Genome-Wide Somatic Alterations in Multiple Myeloma Reveal a Superior Outcome Group
Author(s) -
Mehmet K. Samur,
Anıl Aktaş Samur,
Mariateresa Fulciniti,
Raphaël Szalat,
Tessa Han,
Masood A. Shammas,
Paul G. Richardson,
Florence Magrangeas,
Stéphane Minvielle,
Jill Corre,
Philippe Moreau,
Anjan Thakurta,
Kenneth C. Anderson,
Giovanni Parmigiani,
Hervé AvetLoiseau,
Nikhil C. Munshi
Publication year - 2020
Publication title -
journal of clinical oncology
Language(s) - English
Resource type - Journals
SCImago Journal Rank - 10.482
H-Index - 548
eISSN - 1527-7755
pISSN - 0732-183X
DOI - 10.1200/jco.20.00461
Subject(s) - medicine , multiple myeloma , neuroblastoma ras viral oncogene homolog , somatic evolution in cancer , oncology , lenalidomide , bioinformatics , kras , cancer , biology , colorectal cancer
PURPOSE Multiple myeloma (MM) is accompanied by heterogeneous somatic alterations. The overall goal of this study was to describe the genomic landscape of myeloma using deep whole-genome sequencing (WGS) and develop a model that identifies patients with long survival.METHODS We analyzed deep WGS data from 183 newly diagnosed patients with MM treated with lenalidomide, bortezomib, and dexamethasone (RVD) alone or RVD + autologous stem cell transplant (ASCT) in the IFM/DFCI 2009 study (ClinicalTrials.gov identifier: NCT01191060 ).

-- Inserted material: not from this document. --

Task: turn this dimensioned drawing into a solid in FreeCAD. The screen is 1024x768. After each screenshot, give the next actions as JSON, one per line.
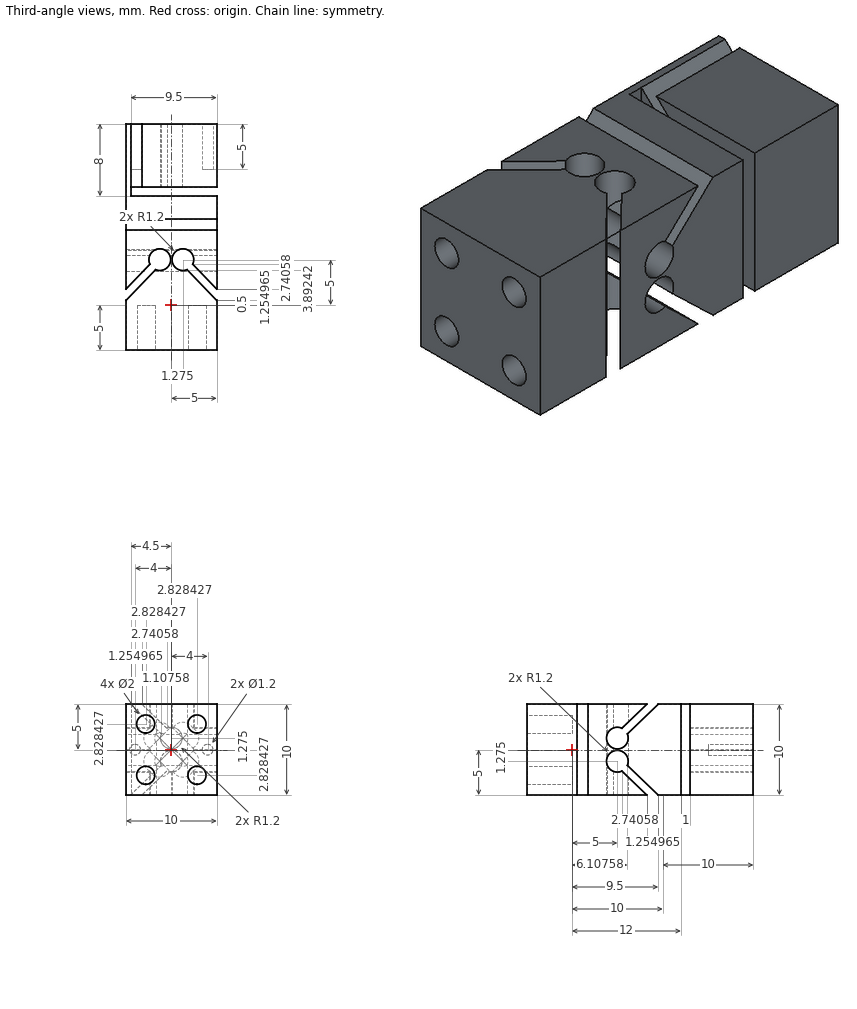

We integrated genomic markers with clinical data.RESULTS We report significant variability in mutational load and processes within MM subgroups. The timeline of observed activation of mutational processes provides the basis for 2 distinct models of acquisition of mutational changes detected at the time of diagnosis of myeloma. Virtually all MM subgroups have activated DNA repair–associated signature as a prominent late mutational process, whereas APOBEC signature targeting C>G is activated in the intermediate phase of disease progression in high-risk MM. Importantly, we identify a genomically defined MM subgroup (17% of newly diagnosed patients) with low DNA damage (low genomic scar score with chromosome 9 gain) and a superior outcome (100% overall survival at 69 months), which was validated in a large independent cohort. This subgroup allowed us to distinguish patients with low- and high-risk hyperdiploid MM and identify patients with prolongation of progression-free survival. Genomic characteristics of this subgroup included lower mutational load with significant contribution from age-related mutations as well as frequent NRAS mutation. Surprisingly, their overall survival was independent of International Staging System and minimal residual disease status.CONCLUSION This is a comprehensive study identifying genomic markers of a good-risk group with prolonged survival. Identification of this patient subgroup will affect future therapeutic algorithms and research planning.